On December 15, the country welcomed its 20 millionth international visitor at Phu Quoc International Airport in southern Vietnam, which state media described as “a historic milestone in the 65-year development of the country’s tourism sector.”

Since Vietnam fully reopened its tourism sector in March 2022, the industry has recovered strongly, with international arrivals climbing to 12.6 million in 2023 and then 17.6 million in 2024. The country recorded around 10 million international visitors in 2016. Some observers put the rapid growth down to the loosening of Vietnam’s visa policies and an increase in the number of nonstop flights to the country. According to the International Air Transport Association, Vietnam’s air transport market registered the highest growth rate amongst the top 10 markets in the Asia-Pacific region, expanding by 121 percent from 2014 to 2024.

Vietnam now ranks as the third-most-visited country in Southeast Asia, lagging behind only Malaysia, which welcomed around 25 million visitors in 2024, and Thailand (35 million). The health of Vietnam’s tourism industry stands in marked contrast to Thailand, Southeast Asia’s tourism leader, which has failed to return to its 2019 record of nearly 40 million international arrivals. The country welcomed 35.54 million foreign visitors last year, an increase of more than a quarter on 2023’s figures, but the recovery has stalled and gone into reverse in 2025.

For every month of the year bar January, Thailand has seen declines on the corresponding months in 2024, the steepest of which occurred in May, June, and July. In September, the government was forced to reduce its forecast for foreign tourist arrivals this year from 37 million to 33 million; this has since been further reduced to 32 million, which would represent a 9.8 percent decline from 2024.

There are a number of possible reasons for the shortfall.
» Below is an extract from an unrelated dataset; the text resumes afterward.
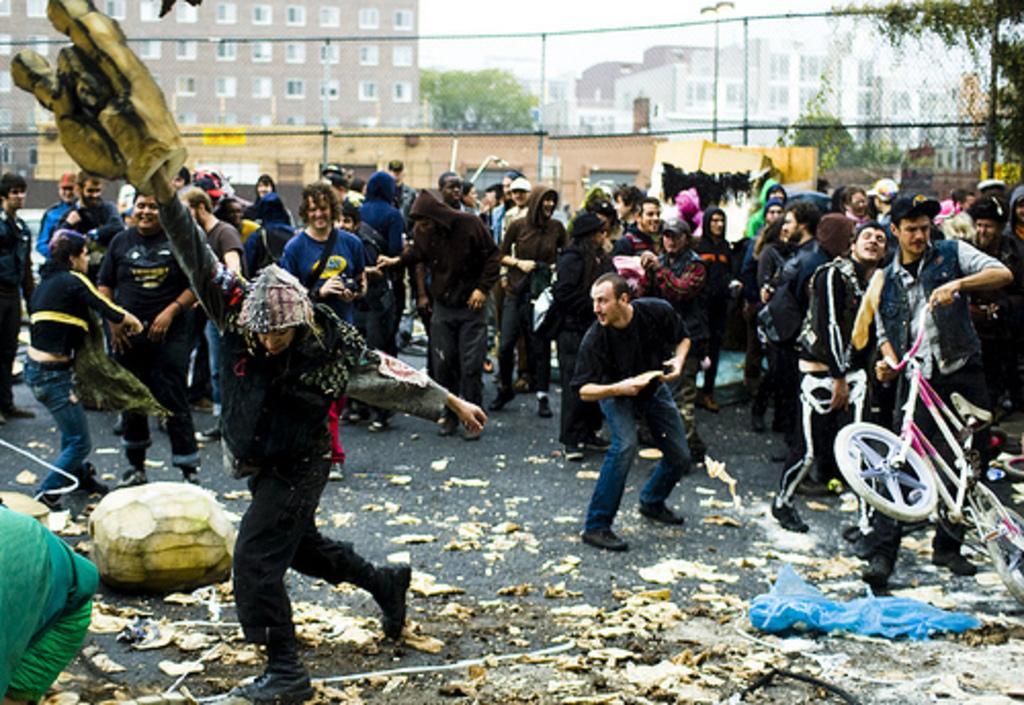Please provide a concise description of this image. In this picture we can see there are some people standing and a person is holding a bicycle and another person is holding an object. Behind the people there is a fence, trees, buildings and a sky. On the road there are some items. 
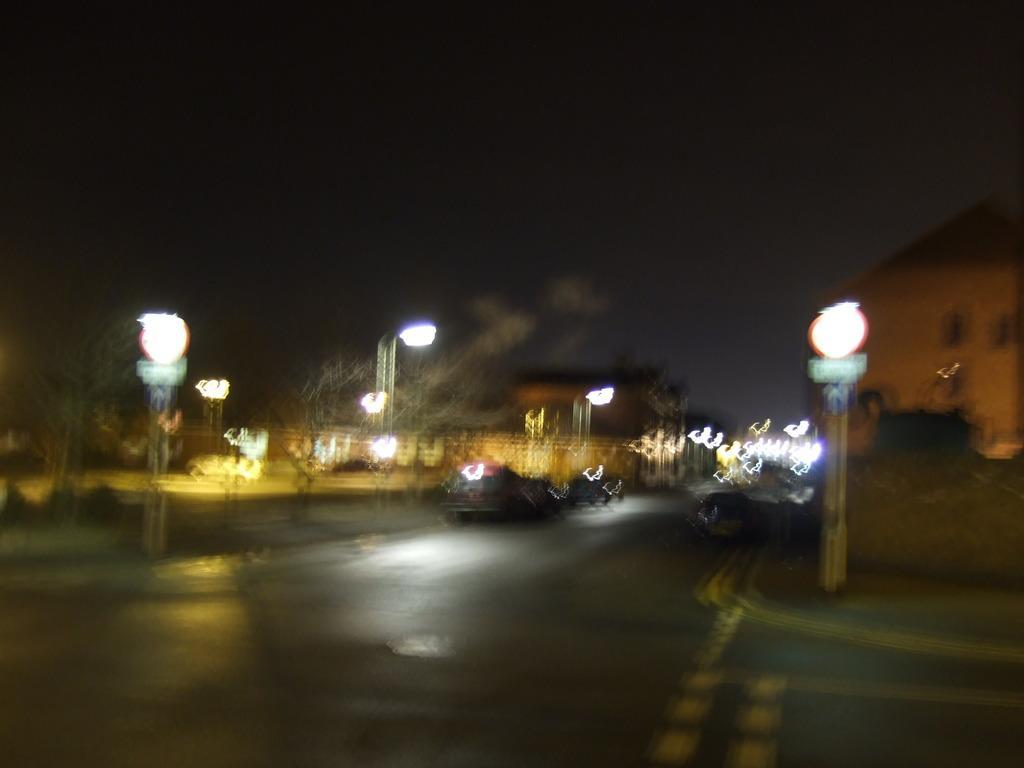In one or two sentences, can you explain what this image depicts? This is an image clicked in the dark. In the middle of the image I can see few cars on the road. On both sides of the road I can see few street lights.

Back in August, I noted the growing safety concerns of foreign visitors after a horrific incident in which two Malaysian tourists were set on fire in downtown Bangkok, a story that has gained widespread international coverage. Relatedly, Thailand has also been associated with online scamming operations following the high-profile kidnapping in January of the Chinese actor Wang Xing, who was later rescued from a scamming center in Myanmar. The border dispute with Cambodia has also likely helped depress visitor numbers.

According to a report this week by Khaosod English, the Tourism Authority of Thailand attributes the drop to the flooding that has hit the country’s southern provinces during peak tourism season and the ongoing tensions with Cambodia.

“Given the overall negative circumstances that have occurred, having foreign tourist arrivals exceed 30 million is already an excellent figure,” said TAT Governor Thapanee Kiatphaibool, Khaosod reported.